The vertices of a hyperbola are at (0, 0) and (10, 0) and one of its foci is at (18, 0). The equation of the hyperbola is

To find the equation of the hyperbola given the vertices and one of the foci, we can follow these steps: ### Step 1: Identify the center of the hyperbola The vertices of the hyperbola are given at (0, 0) and (10, 0). The center of the hyperbola is the midpoint of the line segment joining the vertices. - Midpoint (center) = \(\left(\frac{x_1 + x_2}{2}, \frac{y_1 + y_2}{2}\right)\) - Here, \(x_1 = 0\), \(y_1 = 0\), \(x_2 = 10\), \(y_2 = 0\) Calculating the midpoint: \[ \text{Center} = \left(\frac{0 + 10}{2}, \frac{0 + 0}{2}\right) = (5, 0) \] ### Step 2: Determine the distance \(a\) The distance from the center to each vertex is \(a\). Since the vertices are at (0, 0) and (10, 0), the distance from the center (5, 0) to either vertex is: \[ a = 5 \] ### Step 3: Identify the distance \(c\) to the focus The distance from the center to a focus is denoted as \(c\). One of the foci is given at (18, 0).

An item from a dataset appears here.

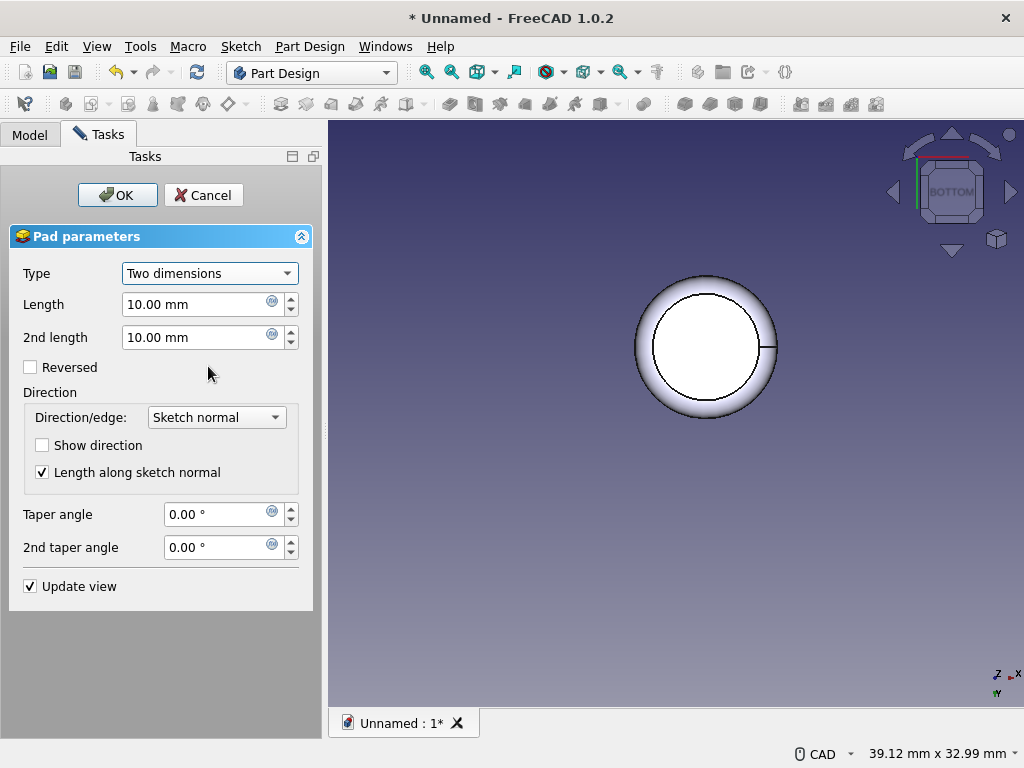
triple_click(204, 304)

The distance from the center (5, 0) to the focus (18, 0) is: \[ c = 18 - 5 = 13 \] ### Step 4: Calculate \(b\) using the relationship \(c^2 = a^2 + b^2\) We know the relationship between \(a\), \(b\), and \(c\) for hyperbolas: \[ c^2 = a^2 + b^2 \] Substituting the known values: \[ 13^2 = 5^2 + b^2 \] \[ 169 = 25 + b^2 \] \[ b^2 = 169 - 25 = 144 \] ### Step 5: Write the equation of the hyperbola The standard form of the equation of a hyperbola centered at \((h, k)\) with a horizontal transverse axis is: \[ \frac{(x - h)^2}{a^2} - \frac{(y - k)^2}{b^2} = 1 \] Substituting \(h = 5\), \(k = 0\), \(a^2 = 25\), and \(b^2 = 144\): \[ \frac{(x - 5)^2}{25} - \frac{y^2}{144} = 1 \] ### Final Answer The equation of the hyperbola is: \[ \frac{(x - 5)^2}{25} - \frac{y^2}{144} = 1 \]